(Dataset items)
....................
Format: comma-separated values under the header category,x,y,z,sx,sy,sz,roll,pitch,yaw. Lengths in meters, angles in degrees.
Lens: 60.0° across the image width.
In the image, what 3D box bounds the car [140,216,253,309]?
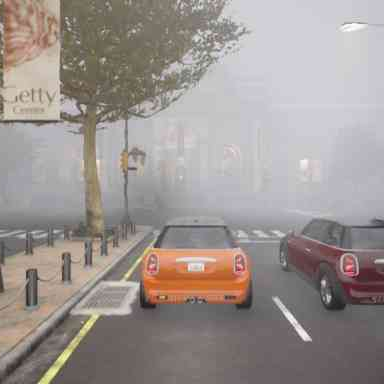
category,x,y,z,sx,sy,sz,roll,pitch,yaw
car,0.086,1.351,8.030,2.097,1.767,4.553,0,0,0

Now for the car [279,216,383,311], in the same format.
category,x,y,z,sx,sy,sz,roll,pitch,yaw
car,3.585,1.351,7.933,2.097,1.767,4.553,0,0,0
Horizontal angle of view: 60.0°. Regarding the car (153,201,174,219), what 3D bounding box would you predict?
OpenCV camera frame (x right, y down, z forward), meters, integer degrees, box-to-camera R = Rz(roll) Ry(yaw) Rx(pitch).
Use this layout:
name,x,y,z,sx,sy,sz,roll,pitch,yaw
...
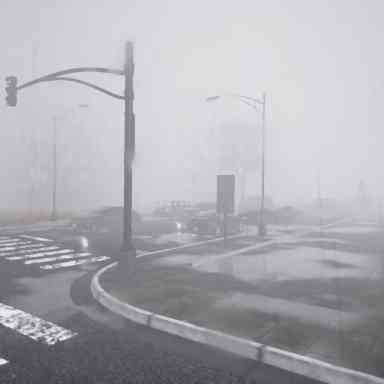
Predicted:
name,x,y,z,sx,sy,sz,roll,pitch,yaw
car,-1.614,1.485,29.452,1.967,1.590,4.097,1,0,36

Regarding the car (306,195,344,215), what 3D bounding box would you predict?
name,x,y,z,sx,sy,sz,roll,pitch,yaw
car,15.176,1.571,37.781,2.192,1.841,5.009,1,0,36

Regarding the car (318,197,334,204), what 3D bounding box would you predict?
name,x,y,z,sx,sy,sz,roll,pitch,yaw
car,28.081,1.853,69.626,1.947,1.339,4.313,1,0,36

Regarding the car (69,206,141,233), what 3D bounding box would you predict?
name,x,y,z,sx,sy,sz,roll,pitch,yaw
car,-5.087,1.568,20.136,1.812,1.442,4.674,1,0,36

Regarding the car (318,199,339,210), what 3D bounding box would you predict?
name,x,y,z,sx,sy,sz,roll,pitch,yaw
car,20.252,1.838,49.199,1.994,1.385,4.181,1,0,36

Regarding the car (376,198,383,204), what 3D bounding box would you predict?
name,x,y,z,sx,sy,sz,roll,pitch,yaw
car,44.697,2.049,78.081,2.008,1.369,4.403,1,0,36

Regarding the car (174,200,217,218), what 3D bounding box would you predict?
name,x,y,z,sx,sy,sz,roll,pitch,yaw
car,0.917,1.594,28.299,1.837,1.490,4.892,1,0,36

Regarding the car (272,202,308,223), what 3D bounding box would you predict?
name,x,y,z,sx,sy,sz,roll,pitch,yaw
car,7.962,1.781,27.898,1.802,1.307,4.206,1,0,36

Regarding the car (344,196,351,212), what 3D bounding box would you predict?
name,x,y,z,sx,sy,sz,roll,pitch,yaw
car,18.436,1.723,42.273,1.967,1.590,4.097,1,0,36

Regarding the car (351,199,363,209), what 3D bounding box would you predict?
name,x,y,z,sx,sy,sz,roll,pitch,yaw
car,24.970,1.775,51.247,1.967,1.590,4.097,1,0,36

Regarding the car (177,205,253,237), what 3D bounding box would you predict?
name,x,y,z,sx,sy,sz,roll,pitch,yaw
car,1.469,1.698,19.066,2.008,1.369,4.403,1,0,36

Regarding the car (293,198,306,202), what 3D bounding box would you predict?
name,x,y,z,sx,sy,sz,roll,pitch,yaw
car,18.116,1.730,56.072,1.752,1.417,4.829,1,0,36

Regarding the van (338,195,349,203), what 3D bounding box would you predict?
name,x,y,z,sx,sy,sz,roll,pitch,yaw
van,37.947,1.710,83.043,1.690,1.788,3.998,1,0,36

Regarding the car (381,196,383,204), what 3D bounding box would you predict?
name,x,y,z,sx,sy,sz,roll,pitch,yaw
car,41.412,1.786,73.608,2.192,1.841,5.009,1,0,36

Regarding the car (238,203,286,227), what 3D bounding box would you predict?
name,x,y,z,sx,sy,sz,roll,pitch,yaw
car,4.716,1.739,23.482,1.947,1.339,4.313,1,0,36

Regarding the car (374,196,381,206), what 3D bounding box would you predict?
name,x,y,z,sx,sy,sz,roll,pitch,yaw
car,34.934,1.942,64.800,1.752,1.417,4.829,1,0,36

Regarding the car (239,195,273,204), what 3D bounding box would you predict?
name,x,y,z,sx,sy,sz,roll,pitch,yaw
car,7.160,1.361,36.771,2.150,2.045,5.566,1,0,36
....................
Goal of the exercise - Each line of the records that contains the string "degrees" must be copied.

Solution to this task -
Format: comma-separated values under the header category,x,y,z,sx,sy,sz,roll,pitch,yaw. Lengths in meters, angles in degrees.
OpenCV camera frame (x right, y down, z forward), meters, integer degrees, box-to-camera R = Rz(roll) Ry(yaw) Rx(pitch).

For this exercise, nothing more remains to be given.